START Input records

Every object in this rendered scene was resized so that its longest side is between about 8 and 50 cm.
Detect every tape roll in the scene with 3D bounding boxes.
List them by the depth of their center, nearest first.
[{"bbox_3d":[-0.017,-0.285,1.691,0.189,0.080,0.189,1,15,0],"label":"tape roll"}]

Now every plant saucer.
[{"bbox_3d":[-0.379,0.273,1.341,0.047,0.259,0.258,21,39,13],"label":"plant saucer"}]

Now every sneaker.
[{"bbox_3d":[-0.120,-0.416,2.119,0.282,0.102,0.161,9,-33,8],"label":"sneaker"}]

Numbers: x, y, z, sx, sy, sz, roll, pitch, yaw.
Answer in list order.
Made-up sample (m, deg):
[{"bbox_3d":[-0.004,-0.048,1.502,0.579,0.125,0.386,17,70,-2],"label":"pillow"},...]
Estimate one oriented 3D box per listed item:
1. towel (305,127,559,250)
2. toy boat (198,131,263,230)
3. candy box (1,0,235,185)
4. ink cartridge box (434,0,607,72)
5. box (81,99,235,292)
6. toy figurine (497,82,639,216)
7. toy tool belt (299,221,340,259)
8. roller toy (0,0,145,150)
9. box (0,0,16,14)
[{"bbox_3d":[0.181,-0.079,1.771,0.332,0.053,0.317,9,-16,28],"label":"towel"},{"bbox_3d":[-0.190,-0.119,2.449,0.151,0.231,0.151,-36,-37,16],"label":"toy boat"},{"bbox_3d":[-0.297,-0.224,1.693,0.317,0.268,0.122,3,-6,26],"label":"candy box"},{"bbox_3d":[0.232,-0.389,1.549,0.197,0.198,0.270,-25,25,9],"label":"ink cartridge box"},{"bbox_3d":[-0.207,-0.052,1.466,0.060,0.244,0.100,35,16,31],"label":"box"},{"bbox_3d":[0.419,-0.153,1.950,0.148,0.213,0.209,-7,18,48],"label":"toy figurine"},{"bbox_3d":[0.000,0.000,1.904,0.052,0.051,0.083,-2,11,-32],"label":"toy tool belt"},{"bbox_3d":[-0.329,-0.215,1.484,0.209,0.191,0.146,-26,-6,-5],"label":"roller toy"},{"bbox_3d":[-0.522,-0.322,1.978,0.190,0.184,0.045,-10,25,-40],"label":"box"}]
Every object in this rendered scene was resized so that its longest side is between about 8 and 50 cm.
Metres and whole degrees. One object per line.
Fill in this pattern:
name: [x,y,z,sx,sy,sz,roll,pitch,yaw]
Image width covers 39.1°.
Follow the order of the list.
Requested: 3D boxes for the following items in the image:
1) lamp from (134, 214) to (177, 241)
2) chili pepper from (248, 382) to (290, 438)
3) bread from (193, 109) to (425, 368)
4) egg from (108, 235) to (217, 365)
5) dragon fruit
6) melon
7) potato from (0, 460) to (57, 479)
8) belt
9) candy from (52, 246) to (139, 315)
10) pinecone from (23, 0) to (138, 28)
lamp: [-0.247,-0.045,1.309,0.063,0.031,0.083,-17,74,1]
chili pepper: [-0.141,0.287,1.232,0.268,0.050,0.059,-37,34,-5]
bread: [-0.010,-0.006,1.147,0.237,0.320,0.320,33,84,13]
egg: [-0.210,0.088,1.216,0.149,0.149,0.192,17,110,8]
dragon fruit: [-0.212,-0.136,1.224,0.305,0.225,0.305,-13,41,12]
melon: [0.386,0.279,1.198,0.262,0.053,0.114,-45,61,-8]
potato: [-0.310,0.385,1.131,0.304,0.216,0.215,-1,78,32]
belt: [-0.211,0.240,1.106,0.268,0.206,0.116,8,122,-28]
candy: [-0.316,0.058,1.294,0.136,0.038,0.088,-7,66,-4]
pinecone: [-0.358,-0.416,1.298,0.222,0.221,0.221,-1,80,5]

END Input records
START Input records

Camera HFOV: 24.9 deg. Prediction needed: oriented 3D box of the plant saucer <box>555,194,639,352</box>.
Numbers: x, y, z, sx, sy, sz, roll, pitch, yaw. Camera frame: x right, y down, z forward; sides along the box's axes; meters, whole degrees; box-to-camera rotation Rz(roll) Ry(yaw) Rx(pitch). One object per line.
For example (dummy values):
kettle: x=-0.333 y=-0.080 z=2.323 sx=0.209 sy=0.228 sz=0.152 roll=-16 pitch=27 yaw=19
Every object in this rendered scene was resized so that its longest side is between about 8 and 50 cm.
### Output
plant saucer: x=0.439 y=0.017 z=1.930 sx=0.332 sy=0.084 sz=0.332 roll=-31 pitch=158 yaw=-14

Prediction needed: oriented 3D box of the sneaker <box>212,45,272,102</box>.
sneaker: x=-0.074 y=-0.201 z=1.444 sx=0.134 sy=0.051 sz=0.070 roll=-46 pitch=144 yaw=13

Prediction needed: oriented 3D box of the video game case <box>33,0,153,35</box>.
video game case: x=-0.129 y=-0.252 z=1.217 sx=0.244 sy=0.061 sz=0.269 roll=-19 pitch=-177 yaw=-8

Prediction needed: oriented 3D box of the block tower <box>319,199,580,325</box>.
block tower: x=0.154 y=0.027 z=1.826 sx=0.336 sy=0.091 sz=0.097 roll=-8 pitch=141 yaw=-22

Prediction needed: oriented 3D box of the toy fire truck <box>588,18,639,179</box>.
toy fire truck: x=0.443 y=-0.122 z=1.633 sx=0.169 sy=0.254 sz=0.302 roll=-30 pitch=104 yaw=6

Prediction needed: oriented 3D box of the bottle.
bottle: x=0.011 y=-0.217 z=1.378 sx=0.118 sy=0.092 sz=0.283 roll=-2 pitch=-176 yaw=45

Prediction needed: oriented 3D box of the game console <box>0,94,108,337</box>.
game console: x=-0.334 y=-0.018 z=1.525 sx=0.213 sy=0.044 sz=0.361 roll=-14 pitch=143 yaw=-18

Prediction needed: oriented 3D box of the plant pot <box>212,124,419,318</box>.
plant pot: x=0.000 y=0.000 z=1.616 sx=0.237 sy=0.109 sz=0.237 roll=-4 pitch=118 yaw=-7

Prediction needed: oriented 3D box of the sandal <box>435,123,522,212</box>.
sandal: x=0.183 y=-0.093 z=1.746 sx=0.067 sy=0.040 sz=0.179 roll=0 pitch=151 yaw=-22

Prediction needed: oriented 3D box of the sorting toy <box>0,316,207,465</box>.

END Input records
START Input records

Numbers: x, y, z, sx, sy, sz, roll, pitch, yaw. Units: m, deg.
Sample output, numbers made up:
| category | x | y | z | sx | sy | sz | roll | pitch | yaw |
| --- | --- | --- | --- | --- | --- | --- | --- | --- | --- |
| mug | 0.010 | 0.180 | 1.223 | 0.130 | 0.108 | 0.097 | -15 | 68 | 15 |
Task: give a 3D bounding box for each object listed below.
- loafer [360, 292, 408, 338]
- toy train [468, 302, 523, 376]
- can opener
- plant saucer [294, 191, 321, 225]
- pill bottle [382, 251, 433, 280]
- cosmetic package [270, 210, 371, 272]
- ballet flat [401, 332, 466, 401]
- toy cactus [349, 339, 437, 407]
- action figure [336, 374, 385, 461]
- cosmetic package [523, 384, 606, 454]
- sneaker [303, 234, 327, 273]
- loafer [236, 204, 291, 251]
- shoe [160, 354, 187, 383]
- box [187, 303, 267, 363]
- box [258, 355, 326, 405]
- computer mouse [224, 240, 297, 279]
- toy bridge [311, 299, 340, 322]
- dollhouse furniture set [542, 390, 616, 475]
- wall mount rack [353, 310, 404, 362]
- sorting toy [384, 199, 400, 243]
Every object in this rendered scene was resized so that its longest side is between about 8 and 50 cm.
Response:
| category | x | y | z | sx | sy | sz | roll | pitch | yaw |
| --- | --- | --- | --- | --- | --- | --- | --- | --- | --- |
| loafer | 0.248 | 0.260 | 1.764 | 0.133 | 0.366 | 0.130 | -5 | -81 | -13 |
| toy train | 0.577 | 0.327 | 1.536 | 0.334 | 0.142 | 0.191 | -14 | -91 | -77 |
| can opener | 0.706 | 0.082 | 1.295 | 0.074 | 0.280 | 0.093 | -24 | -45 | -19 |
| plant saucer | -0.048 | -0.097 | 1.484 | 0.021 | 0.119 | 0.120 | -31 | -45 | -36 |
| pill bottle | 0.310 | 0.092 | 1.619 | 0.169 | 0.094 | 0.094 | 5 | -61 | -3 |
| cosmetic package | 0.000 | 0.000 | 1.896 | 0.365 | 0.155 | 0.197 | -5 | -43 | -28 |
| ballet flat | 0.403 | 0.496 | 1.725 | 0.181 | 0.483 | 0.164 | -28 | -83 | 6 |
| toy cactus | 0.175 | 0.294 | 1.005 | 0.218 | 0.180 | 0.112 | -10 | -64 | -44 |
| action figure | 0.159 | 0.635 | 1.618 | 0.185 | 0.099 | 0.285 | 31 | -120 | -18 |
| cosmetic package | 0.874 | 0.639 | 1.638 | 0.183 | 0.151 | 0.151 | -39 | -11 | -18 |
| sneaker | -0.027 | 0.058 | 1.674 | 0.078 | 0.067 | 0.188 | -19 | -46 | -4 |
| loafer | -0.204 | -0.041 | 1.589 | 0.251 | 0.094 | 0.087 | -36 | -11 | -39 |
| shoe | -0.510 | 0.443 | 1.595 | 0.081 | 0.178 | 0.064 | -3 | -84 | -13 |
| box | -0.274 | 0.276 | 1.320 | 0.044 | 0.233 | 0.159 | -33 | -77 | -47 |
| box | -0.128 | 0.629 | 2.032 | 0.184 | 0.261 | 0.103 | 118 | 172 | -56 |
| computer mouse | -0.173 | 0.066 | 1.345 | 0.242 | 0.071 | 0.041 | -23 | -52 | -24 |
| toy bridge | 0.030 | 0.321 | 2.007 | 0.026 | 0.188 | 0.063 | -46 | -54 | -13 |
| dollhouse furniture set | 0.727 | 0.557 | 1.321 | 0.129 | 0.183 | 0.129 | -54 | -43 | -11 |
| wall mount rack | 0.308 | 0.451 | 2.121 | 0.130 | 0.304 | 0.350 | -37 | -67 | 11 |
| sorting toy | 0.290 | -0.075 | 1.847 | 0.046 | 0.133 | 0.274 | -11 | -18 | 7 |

END Input records

◆ **About this task**
Please list every line of the records that contains "order".

◆ **Solution for this problem**
Answer in list order.
Follow the order of the list.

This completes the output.